-- RECORD SET follows --
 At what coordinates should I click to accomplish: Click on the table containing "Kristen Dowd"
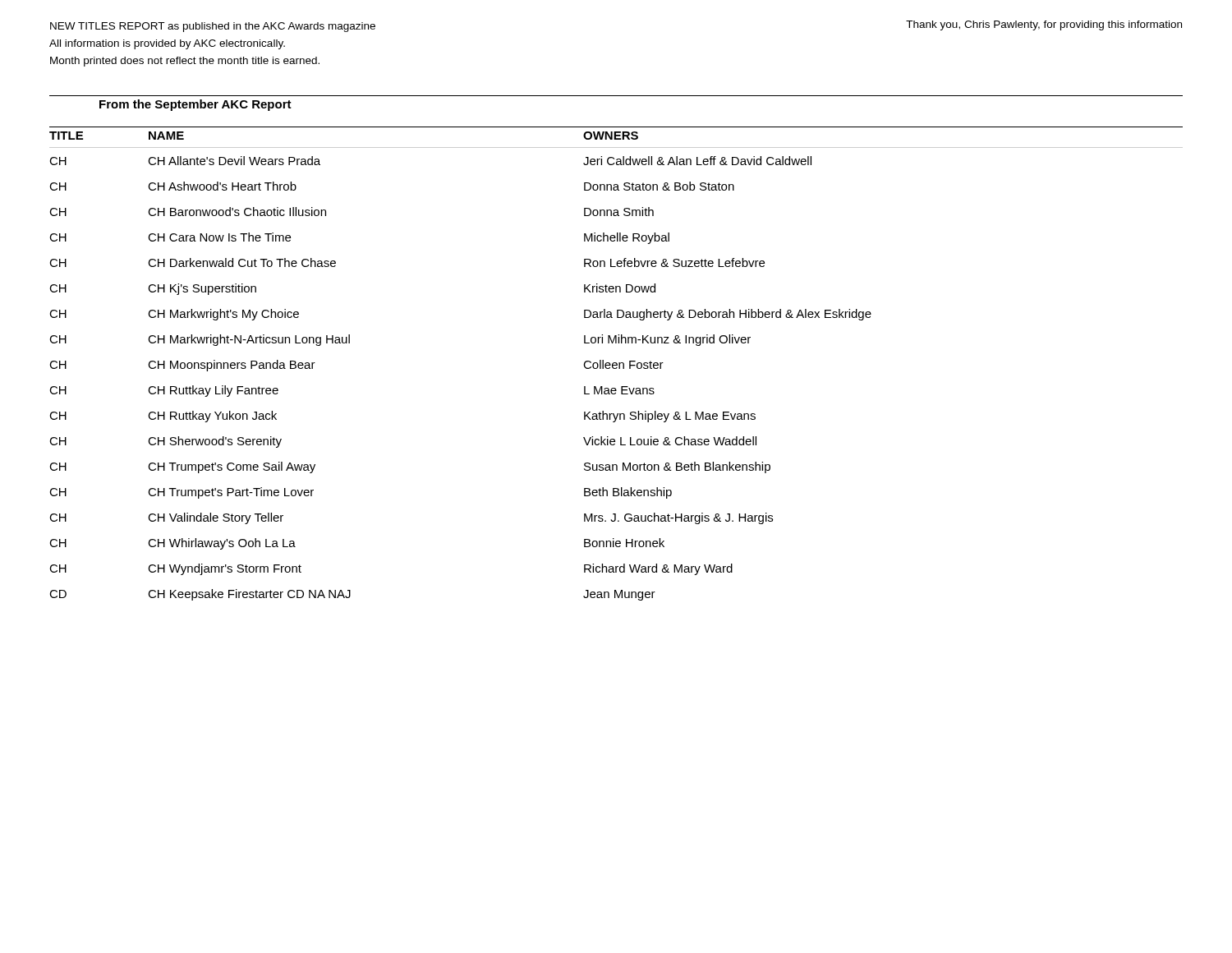click(x=616, y=365)
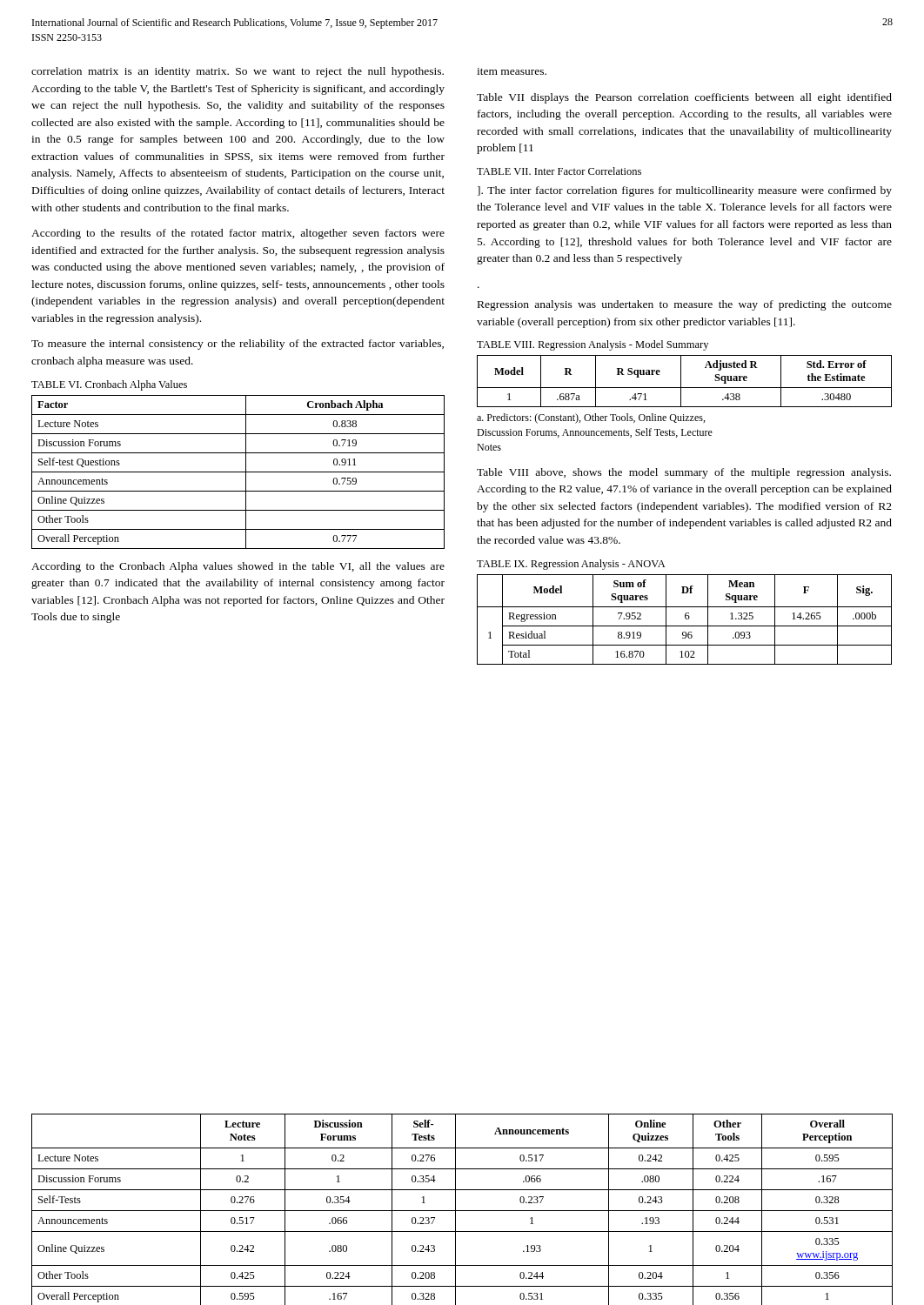Select the block starting "a. Predictors: (Constant), Other"
924x1305 pixels.
[x=595, y=432]
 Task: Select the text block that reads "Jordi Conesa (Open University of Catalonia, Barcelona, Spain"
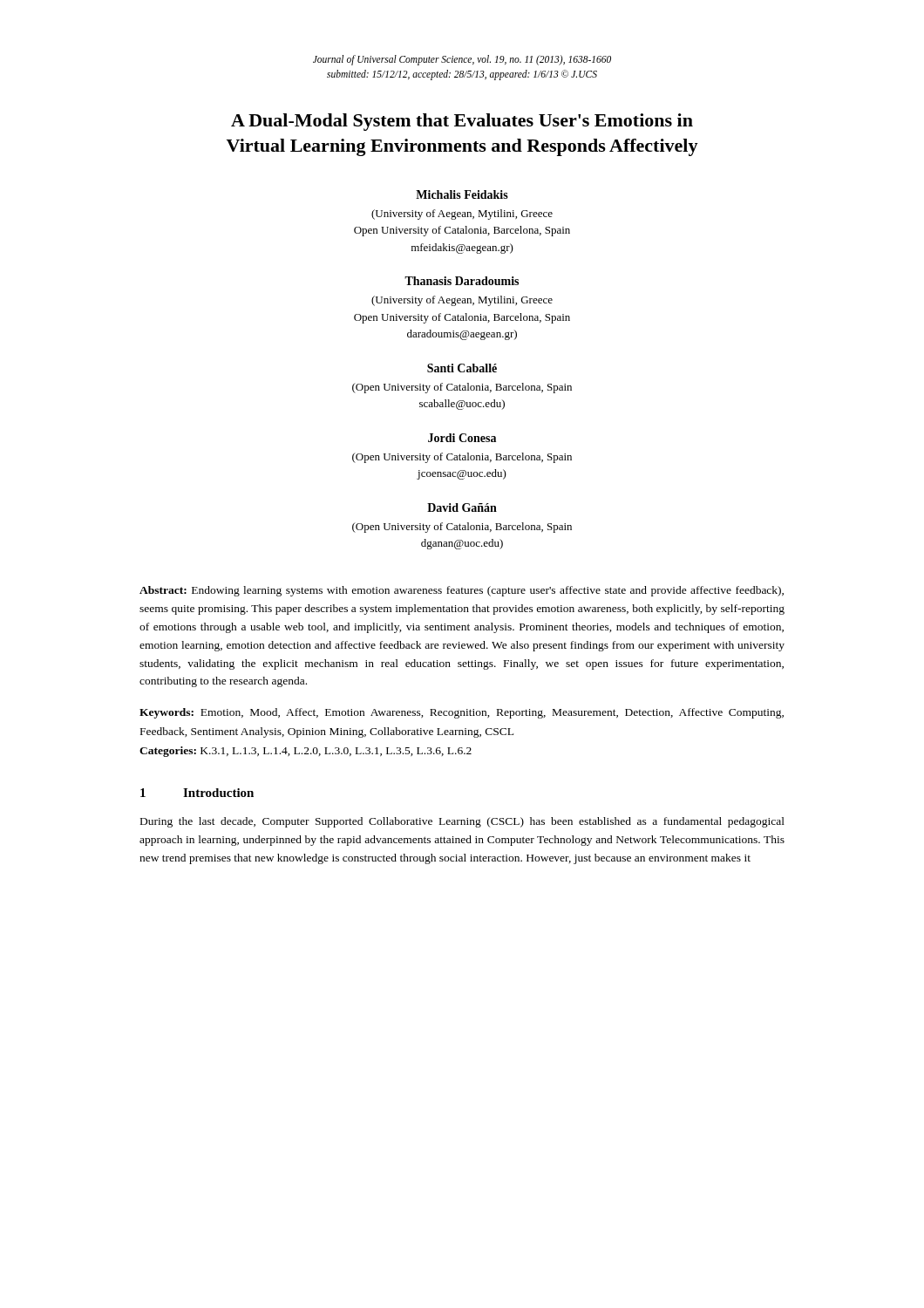click(462, 457)
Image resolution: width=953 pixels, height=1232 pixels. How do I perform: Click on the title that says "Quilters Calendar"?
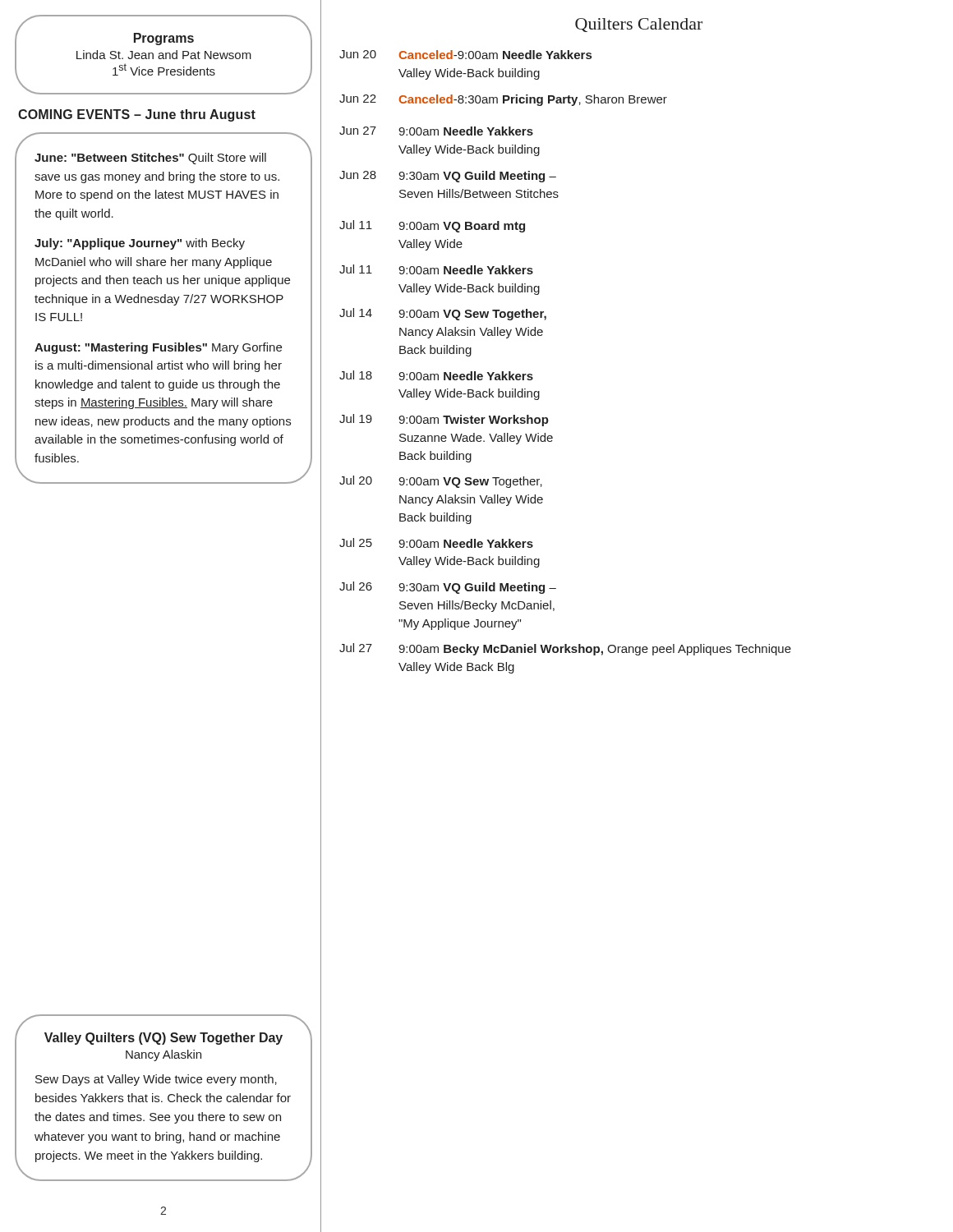[639, 23]
-- RECORD SET concluded --
• TASK TO CARRY OUT:
What you output must match the data exactly, apart from the pictures, which are left out.

• ANSWER BELOW:
 At what coordinates should I click to accomplish: Click on the table containing "Kristen Dowd"
click(x=616, y=365)
Select the block starting "a. Predictors: (Constant), Other"
924x1305 pixels.
[x=595, y=432]
 Task: Select the text block that reads "Jordi Conesa (Open University of Catalonia, Barcelona, Spain"
click(462, 457)
Image resolution: width=953 pixels, height=1232 pixels. How do I perform: Click on the title that says "Quilters Calendar"?
[639, 23]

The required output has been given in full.